▸ **TASK DETAILS**:
Copy out each line from the start of the material below until the line with "color=color, linetype=linetype, lineweight=lineweight)", that line included.

☆ ☆ ☆ ☆ ☆

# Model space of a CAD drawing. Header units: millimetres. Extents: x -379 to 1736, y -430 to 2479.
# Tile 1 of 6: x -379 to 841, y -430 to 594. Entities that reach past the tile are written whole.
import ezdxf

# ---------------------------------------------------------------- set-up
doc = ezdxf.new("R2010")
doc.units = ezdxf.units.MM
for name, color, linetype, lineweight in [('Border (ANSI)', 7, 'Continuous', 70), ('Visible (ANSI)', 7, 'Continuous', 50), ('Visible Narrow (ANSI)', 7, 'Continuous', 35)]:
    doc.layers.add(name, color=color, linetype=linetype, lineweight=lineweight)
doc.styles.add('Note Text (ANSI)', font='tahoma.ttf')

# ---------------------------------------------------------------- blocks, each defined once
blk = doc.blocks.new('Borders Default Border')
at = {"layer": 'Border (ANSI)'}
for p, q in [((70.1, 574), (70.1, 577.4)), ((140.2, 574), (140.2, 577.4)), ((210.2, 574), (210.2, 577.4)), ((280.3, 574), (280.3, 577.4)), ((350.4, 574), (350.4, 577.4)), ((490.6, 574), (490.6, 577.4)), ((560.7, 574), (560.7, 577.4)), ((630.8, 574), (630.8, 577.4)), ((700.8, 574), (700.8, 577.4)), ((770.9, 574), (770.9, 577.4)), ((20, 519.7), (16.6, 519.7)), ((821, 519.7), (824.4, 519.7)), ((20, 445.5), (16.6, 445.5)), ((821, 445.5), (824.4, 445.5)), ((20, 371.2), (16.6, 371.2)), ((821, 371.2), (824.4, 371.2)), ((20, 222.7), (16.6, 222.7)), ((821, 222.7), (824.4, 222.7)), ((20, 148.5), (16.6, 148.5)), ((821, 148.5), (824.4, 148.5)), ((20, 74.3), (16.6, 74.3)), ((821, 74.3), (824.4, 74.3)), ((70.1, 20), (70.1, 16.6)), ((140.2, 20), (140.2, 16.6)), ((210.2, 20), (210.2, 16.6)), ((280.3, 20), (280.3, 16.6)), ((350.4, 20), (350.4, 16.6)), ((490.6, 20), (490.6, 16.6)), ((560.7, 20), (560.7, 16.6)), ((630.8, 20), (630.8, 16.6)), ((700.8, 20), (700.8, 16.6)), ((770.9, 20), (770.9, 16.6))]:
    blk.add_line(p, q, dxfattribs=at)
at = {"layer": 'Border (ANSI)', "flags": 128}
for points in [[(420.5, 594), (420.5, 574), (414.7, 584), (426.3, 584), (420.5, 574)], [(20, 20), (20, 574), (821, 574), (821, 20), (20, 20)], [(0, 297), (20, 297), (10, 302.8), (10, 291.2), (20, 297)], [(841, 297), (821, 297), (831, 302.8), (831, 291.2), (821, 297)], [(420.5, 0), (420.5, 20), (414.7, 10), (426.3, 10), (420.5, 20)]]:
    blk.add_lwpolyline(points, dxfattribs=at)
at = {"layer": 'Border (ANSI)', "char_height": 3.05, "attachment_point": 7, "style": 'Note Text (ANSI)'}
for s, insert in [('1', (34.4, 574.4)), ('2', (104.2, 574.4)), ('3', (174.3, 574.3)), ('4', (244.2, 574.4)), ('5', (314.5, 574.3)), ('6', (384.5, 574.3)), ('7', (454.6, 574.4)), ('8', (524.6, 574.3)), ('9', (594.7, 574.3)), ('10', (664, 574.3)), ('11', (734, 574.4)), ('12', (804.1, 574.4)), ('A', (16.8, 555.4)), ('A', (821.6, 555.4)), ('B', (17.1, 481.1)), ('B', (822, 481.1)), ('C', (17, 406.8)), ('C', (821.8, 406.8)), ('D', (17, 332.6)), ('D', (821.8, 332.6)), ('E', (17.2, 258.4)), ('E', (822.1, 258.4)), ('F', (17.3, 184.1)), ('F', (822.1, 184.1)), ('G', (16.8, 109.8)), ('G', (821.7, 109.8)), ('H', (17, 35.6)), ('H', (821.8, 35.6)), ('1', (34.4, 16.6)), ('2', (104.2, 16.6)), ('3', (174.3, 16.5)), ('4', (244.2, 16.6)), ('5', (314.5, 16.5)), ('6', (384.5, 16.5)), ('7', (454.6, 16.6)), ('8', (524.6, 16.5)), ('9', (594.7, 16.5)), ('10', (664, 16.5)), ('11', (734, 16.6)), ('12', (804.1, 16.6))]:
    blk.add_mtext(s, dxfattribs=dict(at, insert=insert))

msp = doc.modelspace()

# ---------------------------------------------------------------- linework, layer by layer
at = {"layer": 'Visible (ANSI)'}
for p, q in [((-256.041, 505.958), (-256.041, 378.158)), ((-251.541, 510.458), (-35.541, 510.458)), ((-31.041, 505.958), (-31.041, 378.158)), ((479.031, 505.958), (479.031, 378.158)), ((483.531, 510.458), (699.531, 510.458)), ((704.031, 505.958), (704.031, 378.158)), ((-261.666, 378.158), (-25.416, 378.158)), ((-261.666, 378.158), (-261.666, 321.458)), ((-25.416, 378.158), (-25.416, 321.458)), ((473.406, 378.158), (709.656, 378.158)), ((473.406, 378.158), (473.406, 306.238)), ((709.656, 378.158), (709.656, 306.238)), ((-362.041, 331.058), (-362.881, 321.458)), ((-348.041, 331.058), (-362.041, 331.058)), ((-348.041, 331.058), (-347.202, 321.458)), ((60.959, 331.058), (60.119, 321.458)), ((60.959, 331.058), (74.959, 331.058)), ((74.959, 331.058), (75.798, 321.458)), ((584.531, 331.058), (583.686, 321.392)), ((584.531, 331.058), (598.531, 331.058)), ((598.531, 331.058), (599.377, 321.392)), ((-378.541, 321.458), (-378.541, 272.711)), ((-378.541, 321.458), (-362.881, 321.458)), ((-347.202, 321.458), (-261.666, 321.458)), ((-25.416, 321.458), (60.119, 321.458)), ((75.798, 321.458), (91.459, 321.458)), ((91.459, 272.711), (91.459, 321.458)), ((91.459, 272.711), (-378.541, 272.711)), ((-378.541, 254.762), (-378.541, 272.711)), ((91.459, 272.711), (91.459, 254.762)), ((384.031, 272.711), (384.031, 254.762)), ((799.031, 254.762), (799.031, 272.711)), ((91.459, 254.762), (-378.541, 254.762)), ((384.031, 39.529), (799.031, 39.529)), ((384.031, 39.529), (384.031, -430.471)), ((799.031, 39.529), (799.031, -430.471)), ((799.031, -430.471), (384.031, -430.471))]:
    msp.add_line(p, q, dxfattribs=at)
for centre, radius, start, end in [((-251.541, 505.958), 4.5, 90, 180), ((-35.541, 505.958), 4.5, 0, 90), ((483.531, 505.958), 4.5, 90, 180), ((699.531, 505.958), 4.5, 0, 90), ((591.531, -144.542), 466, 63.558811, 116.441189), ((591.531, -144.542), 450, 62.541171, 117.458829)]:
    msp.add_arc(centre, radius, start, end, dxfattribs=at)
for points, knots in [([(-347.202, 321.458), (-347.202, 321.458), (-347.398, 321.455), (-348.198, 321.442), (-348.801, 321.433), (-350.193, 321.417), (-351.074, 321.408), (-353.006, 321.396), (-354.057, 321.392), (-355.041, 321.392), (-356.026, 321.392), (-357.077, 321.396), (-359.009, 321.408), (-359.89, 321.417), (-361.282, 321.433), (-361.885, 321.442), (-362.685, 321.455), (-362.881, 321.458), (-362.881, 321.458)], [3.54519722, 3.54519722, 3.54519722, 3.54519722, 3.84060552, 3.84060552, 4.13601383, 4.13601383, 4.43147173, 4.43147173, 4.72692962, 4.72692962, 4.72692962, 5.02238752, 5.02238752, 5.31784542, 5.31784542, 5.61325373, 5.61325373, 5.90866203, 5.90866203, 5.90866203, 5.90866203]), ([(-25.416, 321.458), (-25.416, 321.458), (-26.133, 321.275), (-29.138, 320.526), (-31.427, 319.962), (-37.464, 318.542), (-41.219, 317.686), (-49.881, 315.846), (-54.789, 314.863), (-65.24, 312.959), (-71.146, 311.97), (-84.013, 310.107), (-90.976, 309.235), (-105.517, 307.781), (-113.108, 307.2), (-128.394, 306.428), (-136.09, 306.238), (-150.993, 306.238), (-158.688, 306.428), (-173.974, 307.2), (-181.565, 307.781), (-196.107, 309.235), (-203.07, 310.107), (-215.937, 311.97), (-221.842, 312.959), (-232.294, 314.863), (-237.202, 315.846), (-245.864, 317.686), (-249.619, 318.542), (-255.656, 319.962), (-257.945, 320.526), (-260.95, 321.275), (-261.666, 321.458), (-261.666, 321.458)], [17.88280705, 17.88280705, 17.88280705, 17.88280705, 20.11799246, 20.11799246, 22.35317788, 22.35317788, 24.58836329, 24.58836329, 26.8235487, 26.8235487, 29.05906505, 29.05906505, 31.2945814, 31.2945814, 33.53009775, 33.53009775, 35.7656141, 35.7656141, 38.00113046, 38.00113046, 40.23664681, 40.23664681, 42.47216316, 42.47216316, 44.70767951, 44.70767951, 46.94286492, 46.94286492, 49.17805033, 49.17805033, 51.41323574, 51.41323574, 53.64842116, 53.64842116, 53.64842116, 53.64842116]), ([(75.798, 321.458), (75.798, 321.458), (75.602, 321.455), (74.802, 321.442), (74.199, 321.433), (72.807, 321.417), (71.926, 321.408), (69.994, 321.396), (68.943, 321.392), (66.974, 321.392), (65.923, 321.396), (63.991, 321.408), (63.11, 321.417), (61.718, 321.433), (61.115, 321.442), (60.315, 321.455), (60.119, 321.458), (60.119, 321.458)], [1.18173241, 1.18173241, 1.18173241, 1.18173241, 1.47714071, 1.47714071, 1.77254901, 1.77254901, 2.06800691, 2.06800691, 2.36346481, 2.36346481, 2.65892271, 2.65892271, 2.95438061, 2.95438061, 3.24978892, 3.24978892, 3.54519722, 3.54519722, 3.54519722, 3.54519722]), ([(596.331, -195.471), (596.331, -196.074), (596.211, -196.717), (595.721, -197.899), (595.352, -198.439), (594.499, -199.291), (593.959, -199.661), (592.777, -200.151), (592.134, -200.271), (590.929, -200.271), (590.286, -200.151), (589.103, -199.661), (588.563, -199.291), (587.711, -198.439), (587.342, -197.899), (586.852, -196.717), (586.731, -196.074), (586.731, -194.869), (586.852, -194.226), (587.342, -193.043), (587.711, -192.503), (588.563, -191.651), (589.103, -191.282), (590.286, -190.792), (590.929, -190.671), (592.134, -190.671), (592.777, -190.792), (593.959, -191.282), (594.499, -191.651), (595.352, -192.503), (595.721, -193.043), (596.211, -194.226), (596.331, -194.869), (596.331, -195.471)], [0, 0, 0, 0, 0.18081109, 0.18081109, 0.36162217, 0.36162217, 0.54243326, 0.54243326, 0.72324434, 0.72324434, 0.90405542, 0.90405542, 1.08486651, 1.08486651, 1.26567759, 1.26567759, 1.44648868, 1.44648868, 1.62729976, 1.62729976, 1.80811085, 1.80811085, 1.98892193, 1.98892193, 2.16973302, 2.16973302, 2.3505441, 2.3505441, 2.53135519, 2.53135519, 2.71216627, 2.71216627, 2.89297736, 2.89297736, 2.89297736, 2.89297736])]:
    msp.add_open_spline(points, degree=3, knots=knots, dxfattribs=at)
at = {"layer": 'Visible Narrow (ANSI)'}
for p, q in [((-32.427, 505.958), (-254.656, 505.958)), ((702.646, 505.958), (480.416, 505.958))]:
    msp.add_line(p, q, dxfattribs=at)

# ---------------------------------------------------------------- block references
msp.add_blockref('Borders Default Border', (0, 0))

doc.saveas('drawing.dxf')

☆ ☆ ☆ ☆ ☆

▸ **TASK RESPONSE**:
# Model space of a CAD drawing. Header units: millimetres. Extents: x -379 to 1736, y -430 to 2479.
# Tile 1 of 6: x -379 to 841, y -430 to 594. Entities that reach past the tile are written whole.
import ezdxf

# ---------------------------------------------------------------- set-up
doc = ezdxf.new("R2010")
doc.units = ezdxf.units.MM
for name, color, linetype, lineweight in [('Border (ANSI)', 7, 'Continuous', 70), ('Visible (ANSI)', 7, 'Continuous', 50), ('Visible Narrow (ANSI)', 7, 'Continuous', 35)]:
    doc.layers.add(name, color=color, linetype=linetype, lineweight=lineweight)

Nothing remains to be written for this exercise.